* _What the task asks_:
Each line below that holds the word "Sound" counts toward the answer; reply with the total number only.

(Data for the task Opens)

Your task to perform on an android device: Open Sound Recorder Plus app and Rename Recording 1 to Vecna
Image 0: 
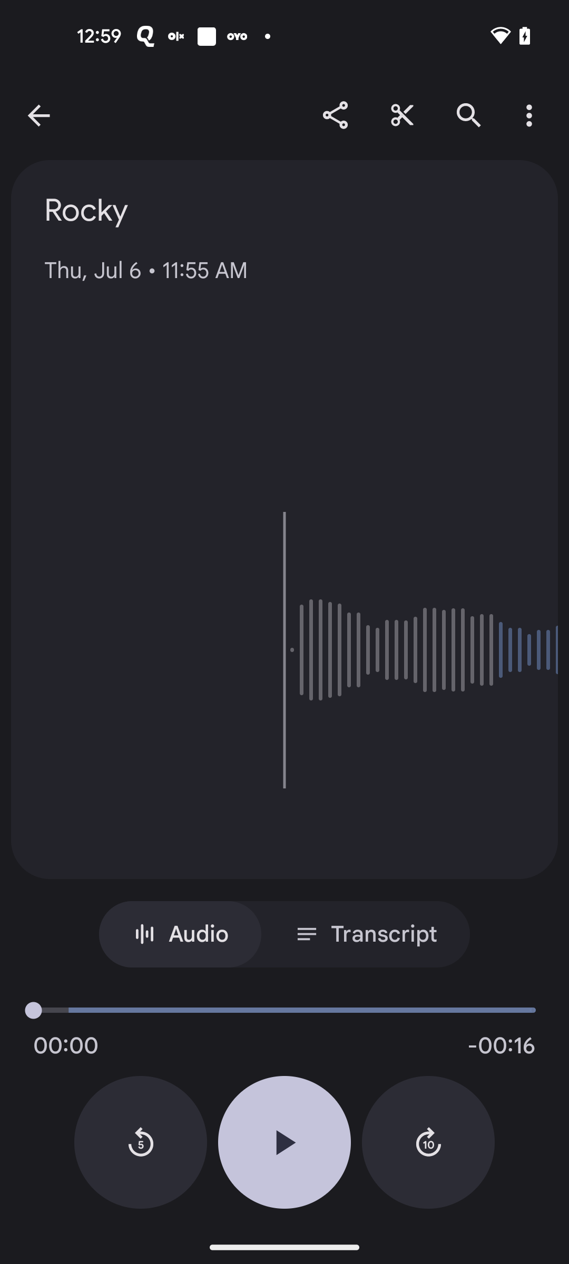
Open Sound Recorder Plus app
Step 0: open app "Sound Recorder Plus"
Image 1: 
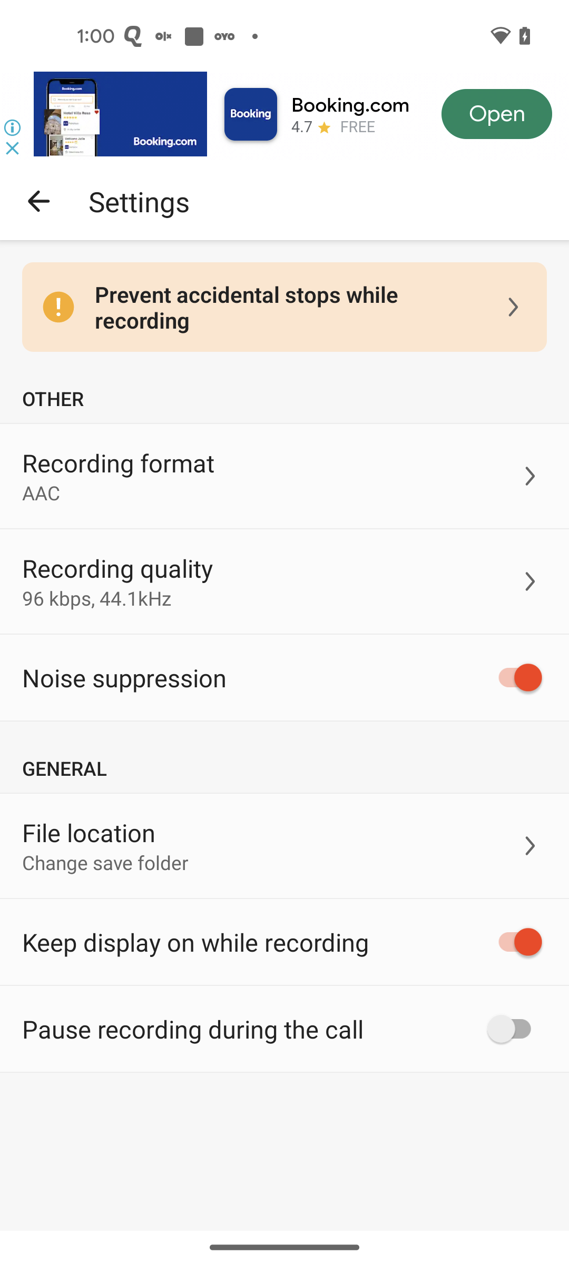
Go back to the previous page
Step 1: press back button
Image 2: 
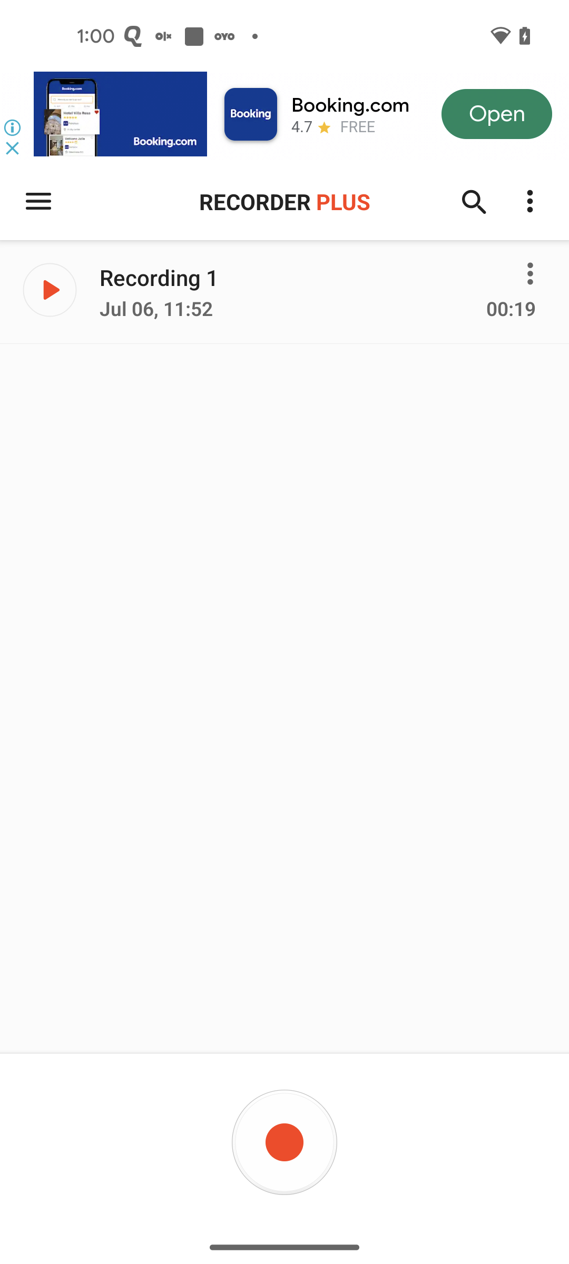
Click on the Three dot icon in front of Recording 1
Step 2: click (528, 276)
Image 3: 
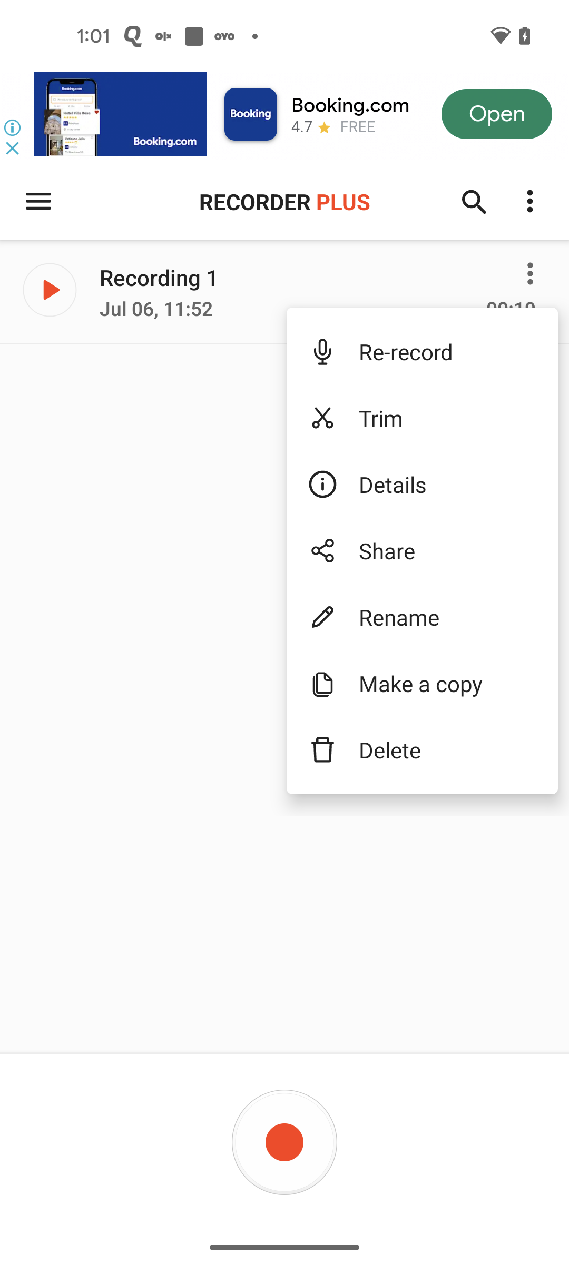
Click on the Rename option
Step 3: click (447, 617)
Image 4: 
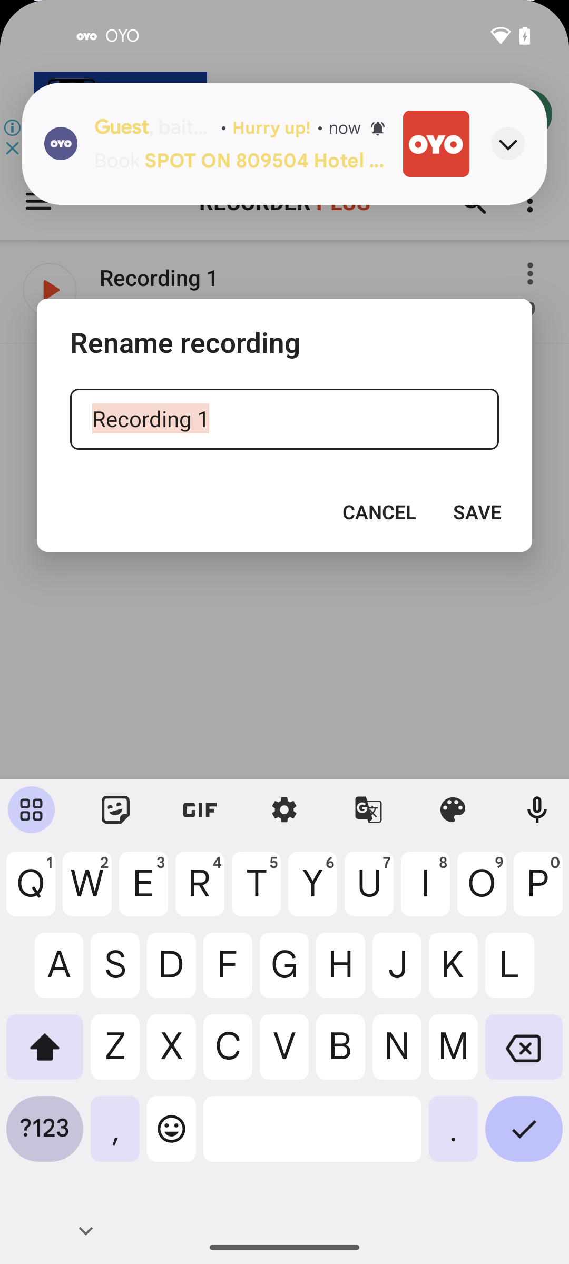
Clear the Title bar
Step 4: click (524, 1055)
Image 6: 
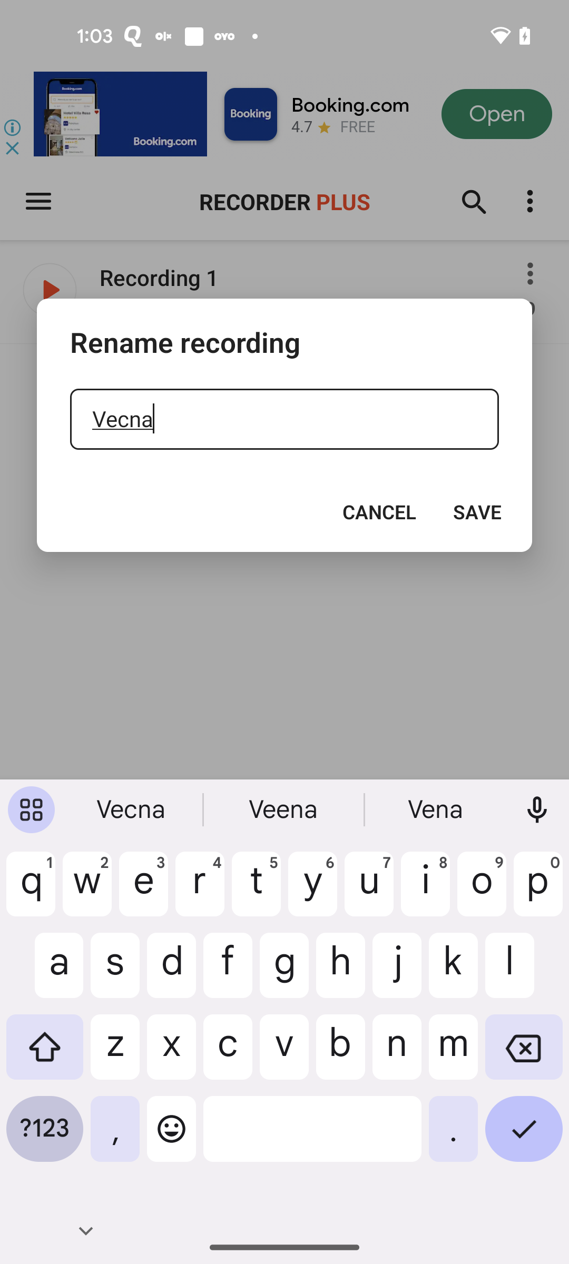
Click on the Save option
Step 6: click (476, 512)

(Data for the task Closes)

* _Output of the exercise_:
3